Sarah pulled a candy bar out instead and placed her lips around the edge. The chocolate began to melt and as she soothed a layer of dark upon her tongue, she thought again. “We got us some god damn big fuckin’ wild plans for the weekend.” All of the mothers with babes on a hip stood around and a circle formed as a simultaneous rapture of head nodding began. The thing had more unity and agreement than a Pentecostal church prayer circle on Sunday go to meeting time. Sarah felt strangely left out. On her mind, the even more strange planet she had come from. A planet of real unity, maturity, love and acceptance, as she felt, and she knew she was right, that she had never dealt with so many immature people at one group party all of the days of her life. She also found another fact about earth strange. A planet where God would give children to mothers who cussed liked sailors and ran the night club circuit, and laid like rats on a hot tin bed at night for one night stands. And took away all of her children, and gave Sarah no more babies.

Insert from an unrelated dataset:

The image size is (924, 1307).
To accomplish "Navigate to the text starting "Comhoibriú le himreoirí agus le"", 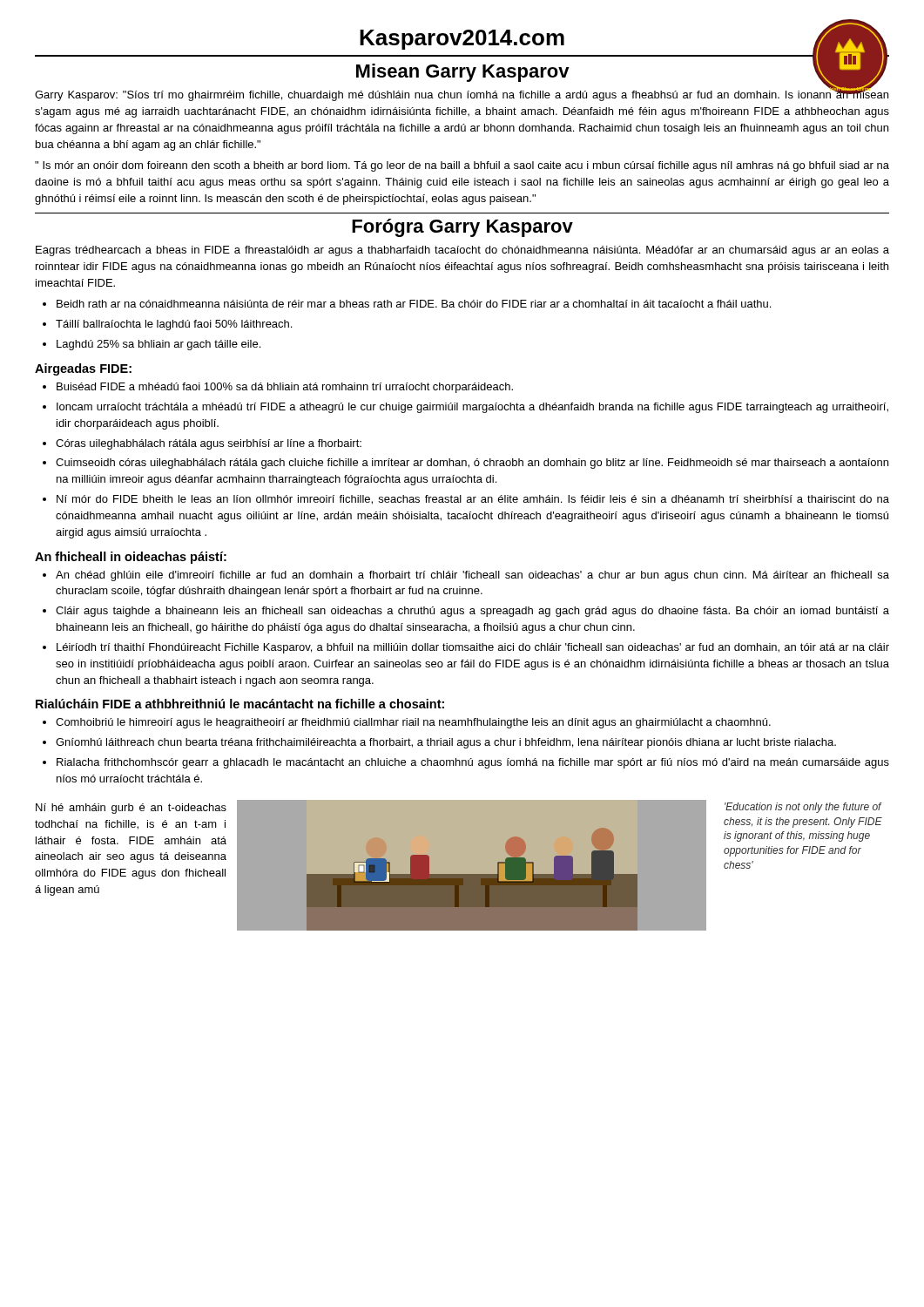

The candy bar now soaked away and gone, Sarah began to try to edge toward the cupcake table again. By now, most of the babies and children had smashed a great deal of them onto the floor and all over the carpet. The mayhem bitches just looked on. One of them finally spoke up. “Carl,” she spoke to her little baby boy. “Let Callie smear cake against the warm, rich carpet too.” The baby daughter of one of the other women with big wide eyes looked up from iced cupcake hands. Grinded pink on white cake iced souffle’ onto the top tufts of the hot, red, fertile carpet. A baby mother who took on something as like a party supervisor said, “Respect, that’s what it’s all about.” Her armband had a swastika slapped upon a felt design of a tiny child within a bassinet on top of that. “Only a woman who has hopped on pop and rocked more than rolled, greater than Robert Plant,and mightier than Led Zeppelin, soothed out the honey lump gets our respect.”

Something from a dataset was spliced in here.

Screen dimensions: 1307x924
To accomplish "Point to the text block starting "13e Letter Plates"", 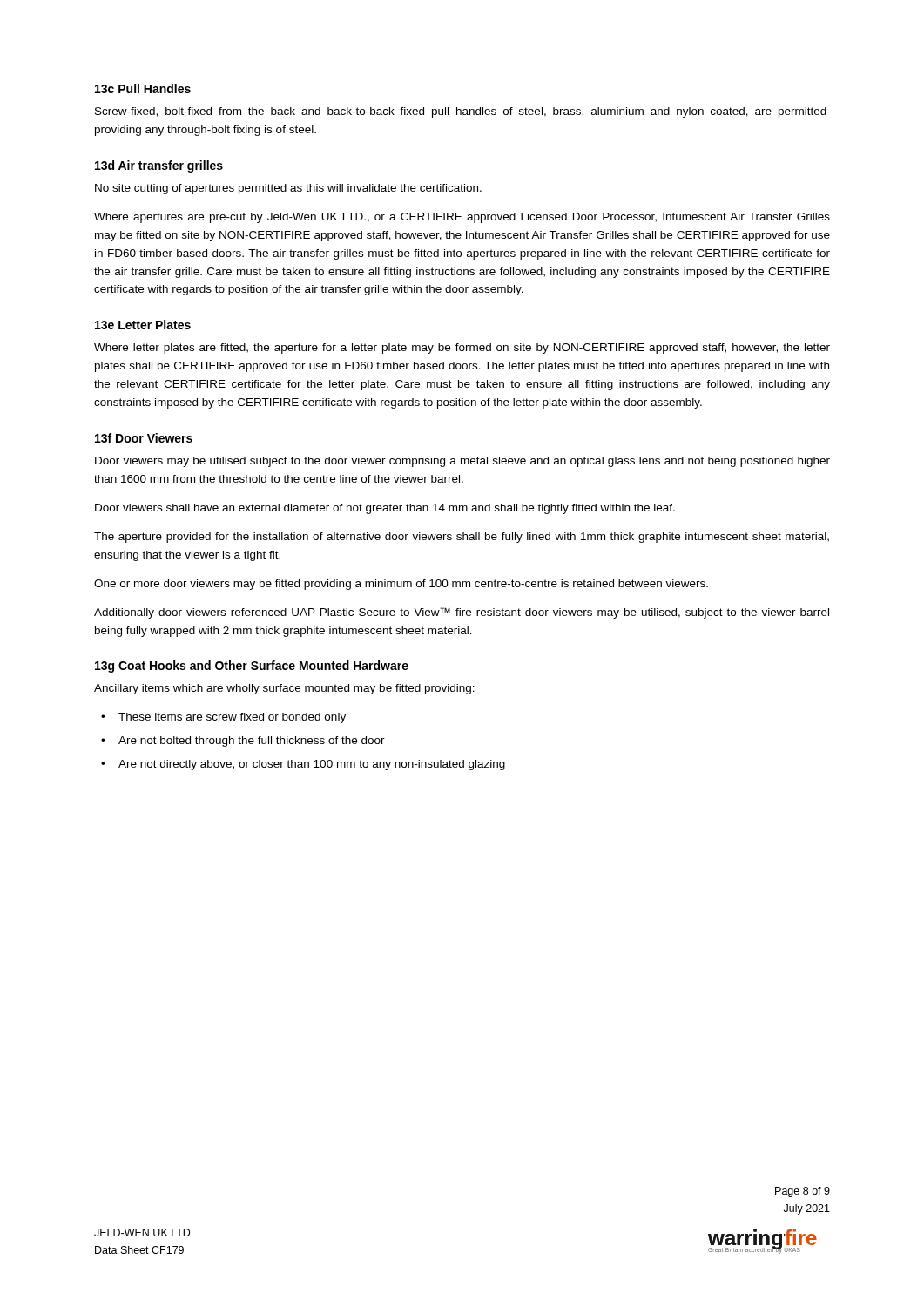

Sarah looked down at her toes and sighed as she thought about how much she needed to paint them. The women began to look like dog women to Sarah. Bitches. She hoped that they would not vote and decide to begin to pee on anything to mark some territory or another. Boned she thought, and also the fact that these women represented a very possible air-headed waster and excuse of a God formation of female tissue. Sarah very bored by now, began to wonder what about the party meant intellectual or interesting. Sarah took leave of a quiet chuckle. Several children helped by a few babies began to pin a tail on the donkey. Unfortunately, the donkey was one of the baby mammas who yelped after a huge hat pin stuck her swelled post-childbirth bottom.

A few of the other uncouth and classless baby mammas began to whisper about all of the one night stands they got. A cloud of laughter rose after dark bitch bragged about how she had made her baby daddy commit suicide. She had told him the night he did it the words that made him do it. “I’ll make sure you never get to see this baby,” she had told him the night he did himself in. She jutted out her huge belly right now, and as a memory reminder more to herself than the others, she then grinned big. Real big. The action which nearly knocked over the cupcake table, only made Sarah think of some time she had spent at the theater of the childbirth simulator. How much fun she had had. The workers who had strapped her in felt the reality of the fantasial, and imaginary evening of childbirth with such strength, she thought for sure they had bought her balloons that said, a baby boy. “Congratulations.” It was so much fun she had even felt like she had slapped her husband hard at the painful part.  She looked down at the eyes of her newborn son and said, “Wonderful, wonderful, wonderful boy.”